То была Трясина. То был девятый круг ада. И если в конце его не было спасения, то получалось, что вселенная есть не что иное, как жуткая, наскоро придуманная шутка.
Дрожа и стеная, Пол полз дальше, подставив спину разгневанному небу.
Почва содрогнулась, его швырнуло лицом в грязь. Та раздалась, поглощая его.

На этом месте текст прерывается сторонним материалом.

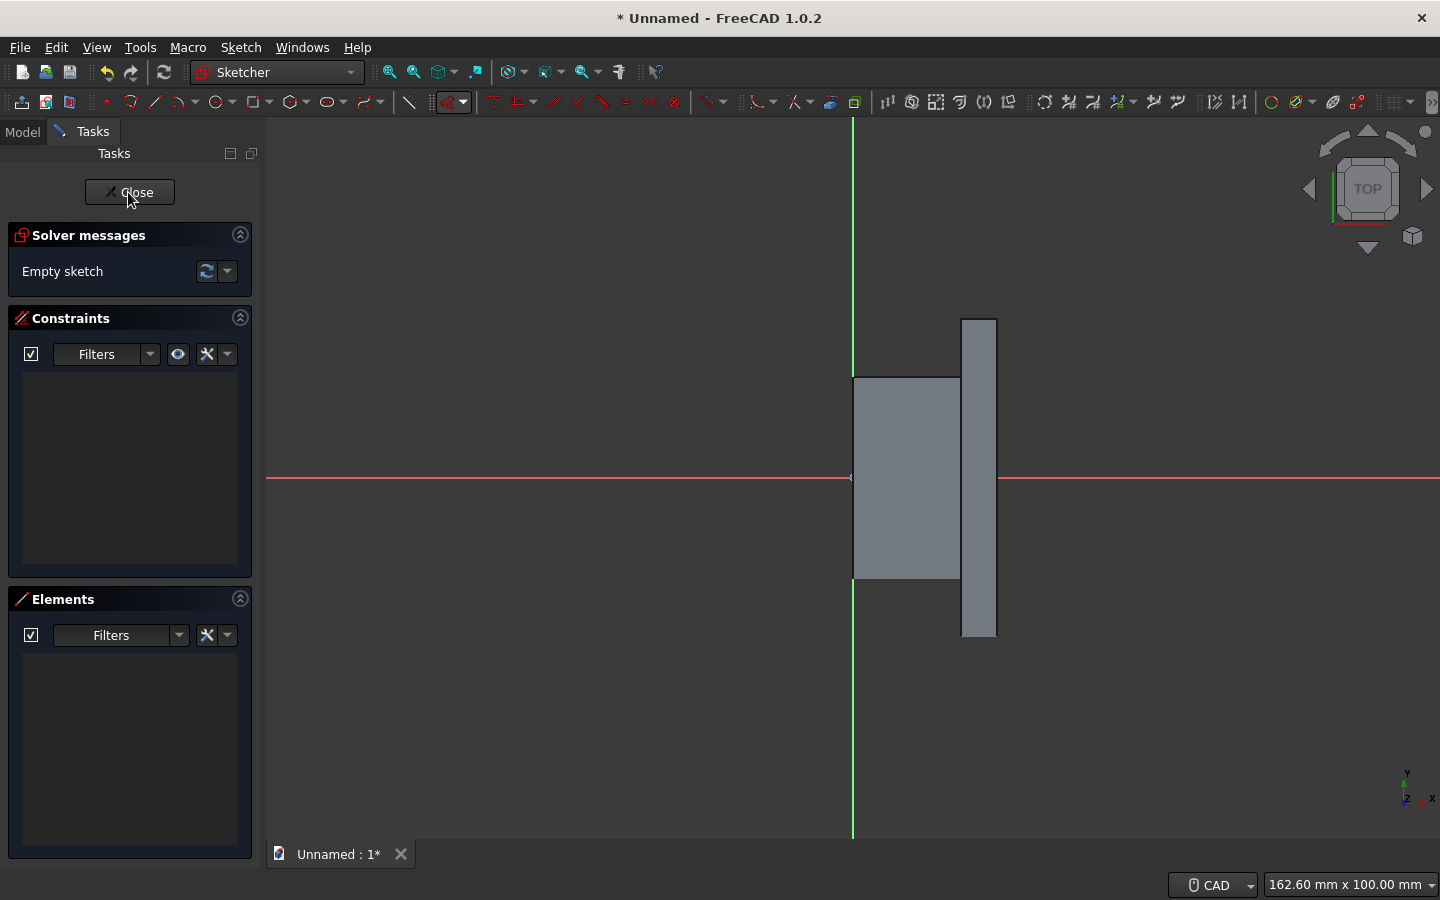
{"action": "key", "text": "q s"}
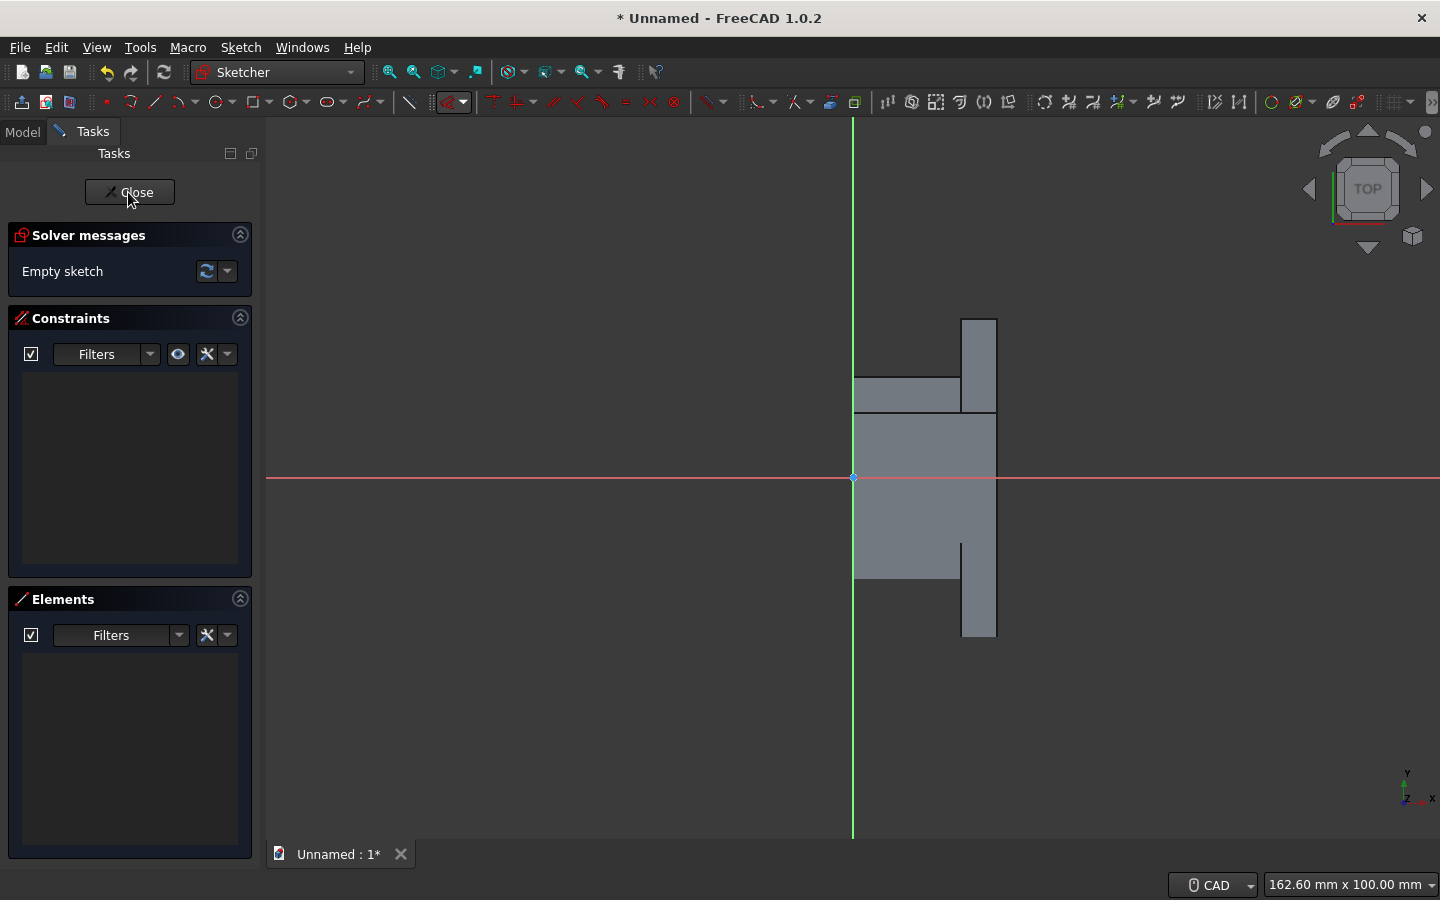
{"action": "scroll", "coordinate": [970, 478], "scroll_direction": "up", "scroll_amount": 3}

Выплыв и глотнув воздуха, Пол услышал очередной свистящий визг, и земля содрогнулась вновь. В двух сотнях ярдах от него взрыв взметнул в воздух огромный фонтан грязи. Что-то небольшое прошипело над головой. Пол завопил, когда на немецкой стороне загрохотали полевые орудия, окрашивая горизонт дугой пламени, отблески которого превратили холмики грязи в четкий рельеф. Упал еще один снаряд, взлетела грязь. Что-то провело раскаленной клешней по его спине, разрывая рубашку и кожу, и вопль Пола вознесся навстречу грому, а затем оборвался, когда его лицо уткнулось в грязь.
Какое-то мгновение он был уверен, что умирает. Сердце заколотилось так сильно и часто, что едва не вырвалось из груди. Пол сжал кулаки, пошевелил рукой. Ему показалось, будто кто-то вскрыл его и вонзил в позвоночник вязальную спицу, тем не менее тело вроде бы действовало. Он прополз пару футов и снова застыл, когда сзади взорвался снаряд, взметнув очередной фонтан земли и ошметков тел. Он мог двигаться. Он был жив.
Пол сжался в комочек посреди лужи и стиснул руками голову, пытаясь отгородиться от сводящего с ума рева орудий, с легкостью перекрывающего гром. Он лежал неподвижно, уподобившись любому из усеивавших ничейную полосу трупов, и ждал, когда прекратится обстрел. Земля тряслась. Раскаленная докрасна шрапнель жужжала над головой. Одиннадцатидюймовые снаряды немецких пушек падали с бездумной размеренностью ударов парового молота — он ощущал эту тяжелую поступь, когда они перемещались от одного края британских траншей к другому, оставляя за собой воронки, щепки и исковерканную плоть.
Этот грохот не прекратится.
Безнадежно. Обстрел никогда не кончится. Наступило крещендо, финал, момент, когда война наконец воспламенила небеса, и теперь облака, полыхая и рассыпая искры, горящими занавесками начнут падать с неба.
Выбраться или умереть. Здесь ни укрыться, ни спрятаться. Пол плюхнулся на живот и пополз дальше по содрогающейся земле. Выбраться или умереть. Впереди виднелась низинка, где годы назад, до того, как стали падать снаряды, наверное, тек ручей. На дне низинки лежал язык тумана. Пол увидел единственное место, где можно спрятаться, — белую муть, которой можно укрыться, как одеялом. А спрятавшись, он заснет.